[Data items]
'''
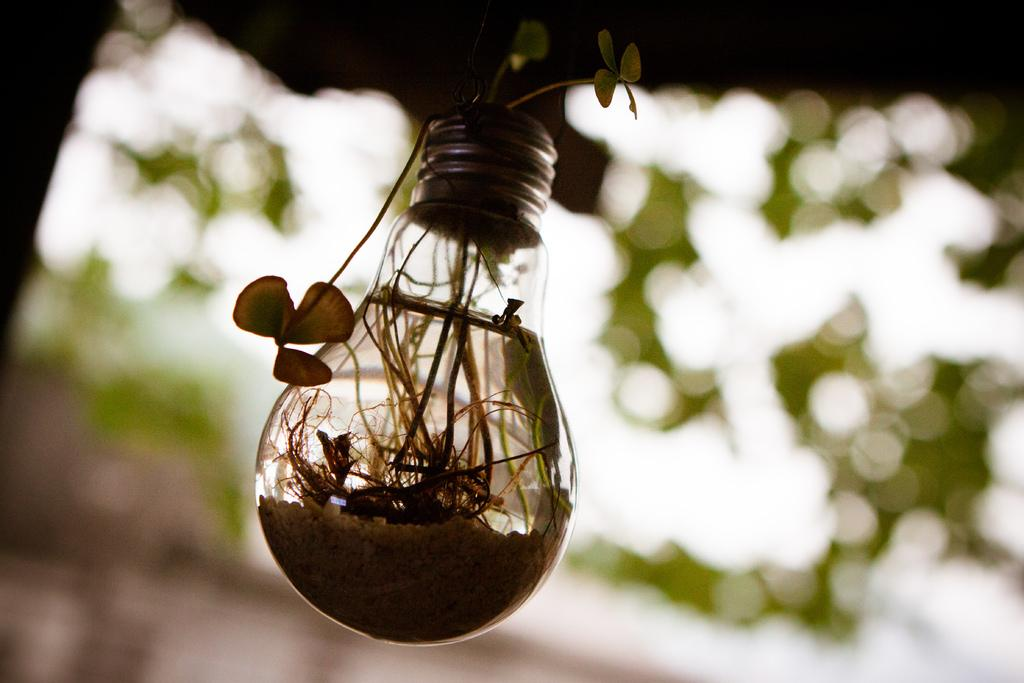What is inside the glass bulb in the image? There is a plant in a glass bulb in the image. Can you describe the liquid visible in the image? There is water visible in the image. What is the condition of the background in the image? The background of the image is blurry. What type of quiet treatment does the plant in the image require? The image does not provide information about the plant's treatment or any specific requirements, including quietness. 
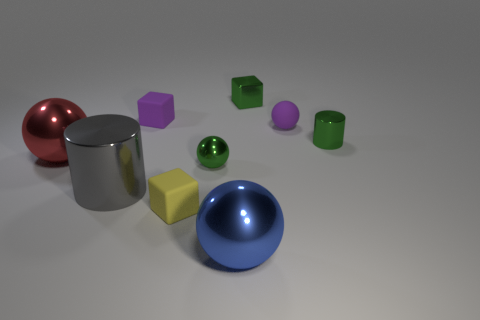There is a cylinder that is on the left side of the blue shiny ball; what is its size?
Keep it short and to the point. Large. Is the shape of the gray object the same as the red object?
Keep it short and to the point. No. How many tiny objects are purple blocks or green cubes?
Provide a succinct answer. 2. Are there any blocks in front of the gray object?
Provide a short and direct response. Yes. Are there an equal number of green metallic blocks that are on the left side of the rubber ball and large objects?
Your response must be concise. No. What is the size of the blue shiny object that is the same shape as the red shiny object?
Provide a succinct answer. Large. Is the shape of the blue object the same as the red object behind the yellow rubber cube?
Your answer should be very brief. Yes. There is a green shiny thing that is in front of the metal sphere that is to the left of the large gray thing; what is its size?
Offer a very short reply. Small. Are there an equal number of yellow rubber things that are on the right side of the yellow matte object and small matte spheres that are on the left side of the small green metal block?
Provide a succinct answer. Yes. What is the color of the tiny matte object that is the same shape as the large blue shiny thing?
Keep it short and to the point. Purple. 
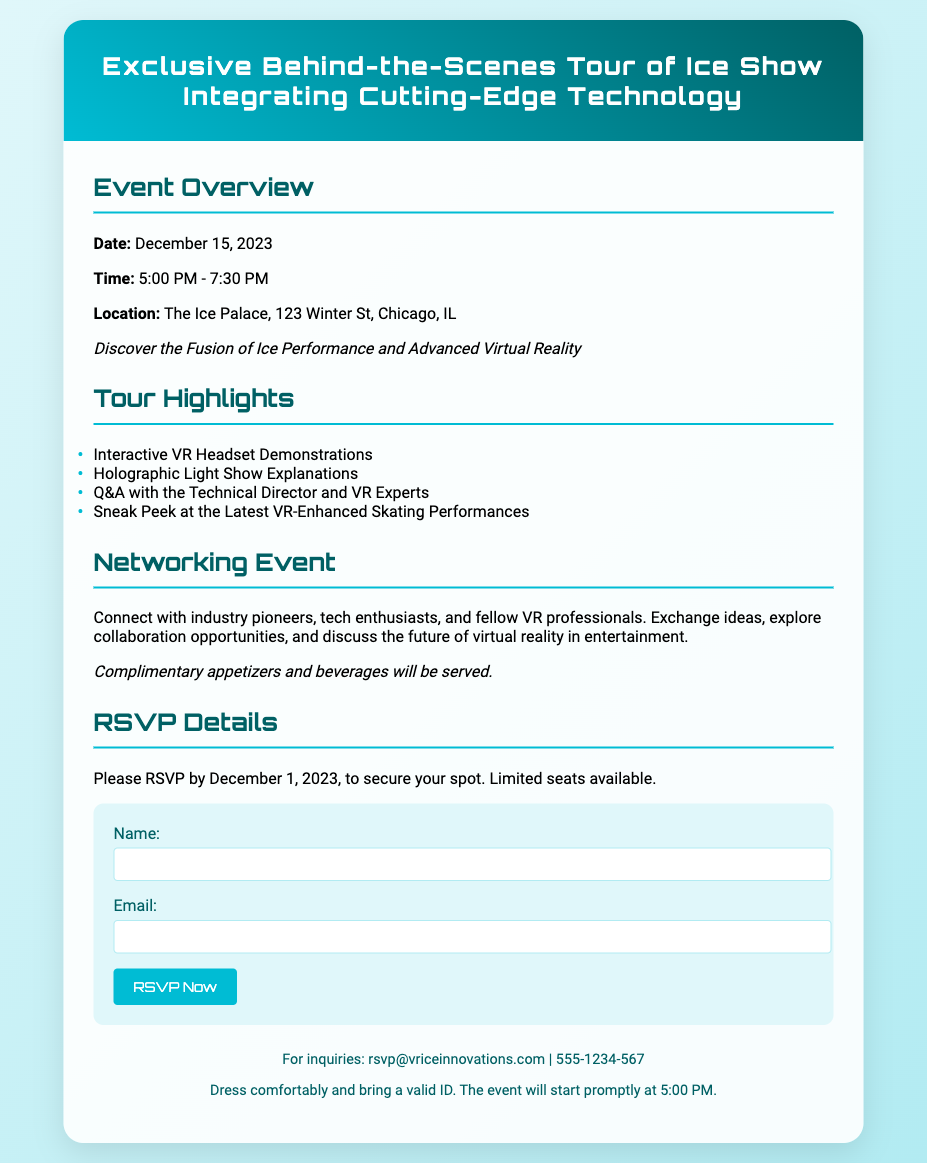What is the date of the event? The date of the event is explicitly mentioned in the event details section of the document as December 15, 2023.
Answer: December 15, 2023 What time does the event start? The start time of the event is provided in the same section alongside the date, indicating that it begins at 5:00 PM.
Answer: 5:00 PM Where is the event located? The location of the event is stated in the event details, which specifies The Ice Palace, 123 Winter St, Chicago, IL.
Answer: The Ice Palace, 123 Winter St, Chicago, IL What is one highlight of the tour? The tour highlights section lists several features, one of which is "Interactive VR Headset Demonstrations."
Answer: Interactive VR Headset Demonstrations By when should attendees RSVP? In the RSVP details, it clearly states the deadline for RSVPing as December 1, 2023.
Answer: December 1, 2023 How long is the event scheduled to last? The duration is indicated by the start and end time in the event details, lasting from 5:00 PM to 7:30 PM, totaling 2.5 hours.
Answer: 2.5 hours What will be served at the networking event? The networking section mentions that "Complimentary appetizers and beverages will be served."
Answer: Appetizers and beverages Who can attendees contact for inquiries? In the footer, a contact email address is provided for inquiries, which is rsvp@vriceinnovations.com.
Answer: rsvp@vriceinnovations.com 
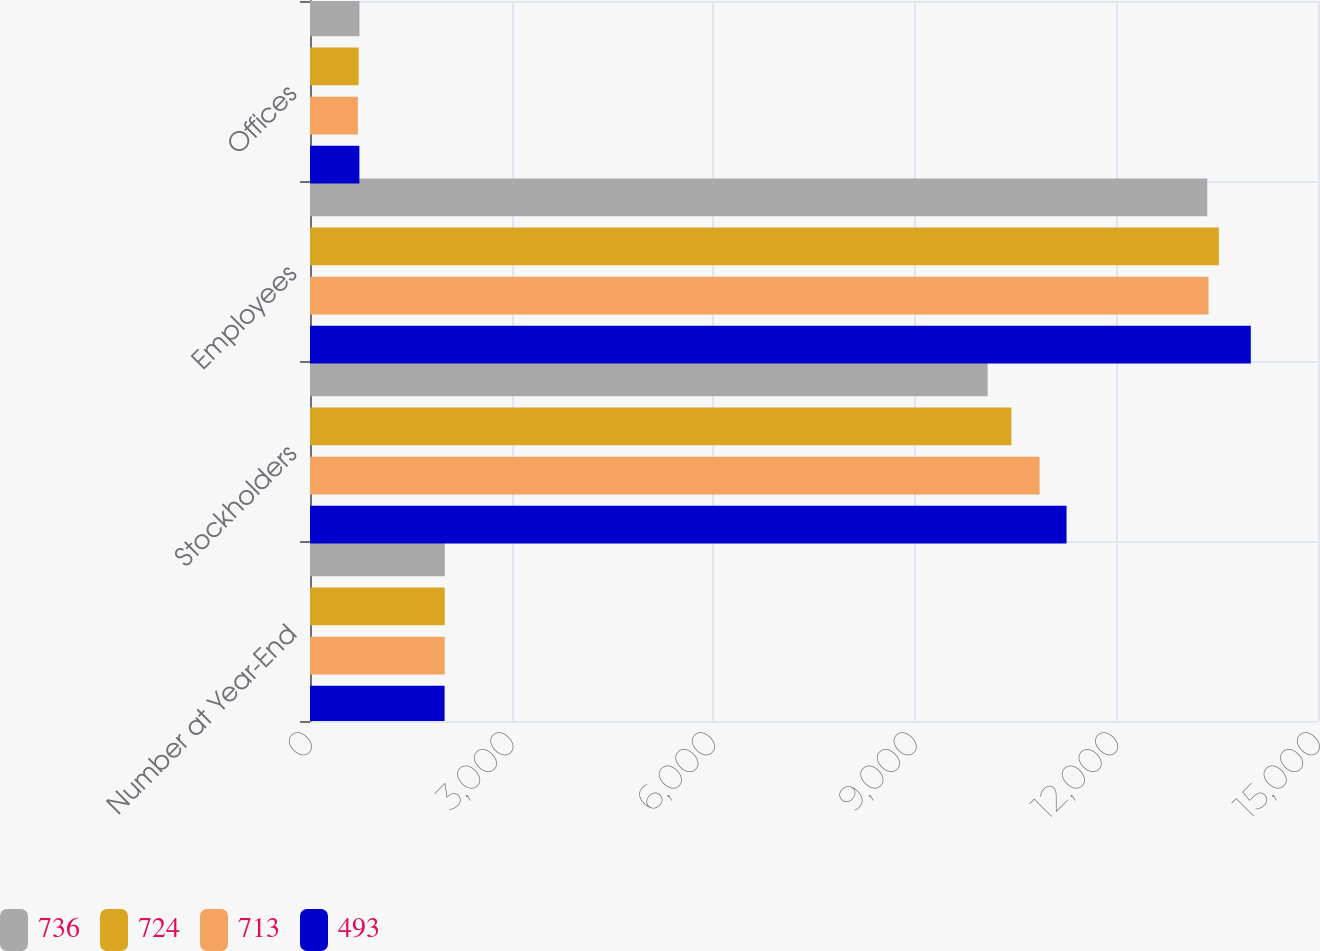Convert chart. <chart><loc_0><loc_0><loc_500><loc_500><stacked_bar_chart><ecel><fcel>Number at Year-End<fcel>Stockholders<fcel>Employees<fcel>Offices<nl><fcel>736<fcel>2006<fcel>10084<fcel>13352<fcel>736<nl><fcel>724<fcel>2005<fcel>10437<fcel>13525<fcel>724<nl><fcel>713<fcel>2004<fcel>10857<fcel>13371<fcel>713<nl><fcel>493<fcel>2003<fcel>11258<fcel>14000<fcel>735<nl></chart>
'''
Within the entries above, how many lines contain the word "Interactive"? State the number only.

2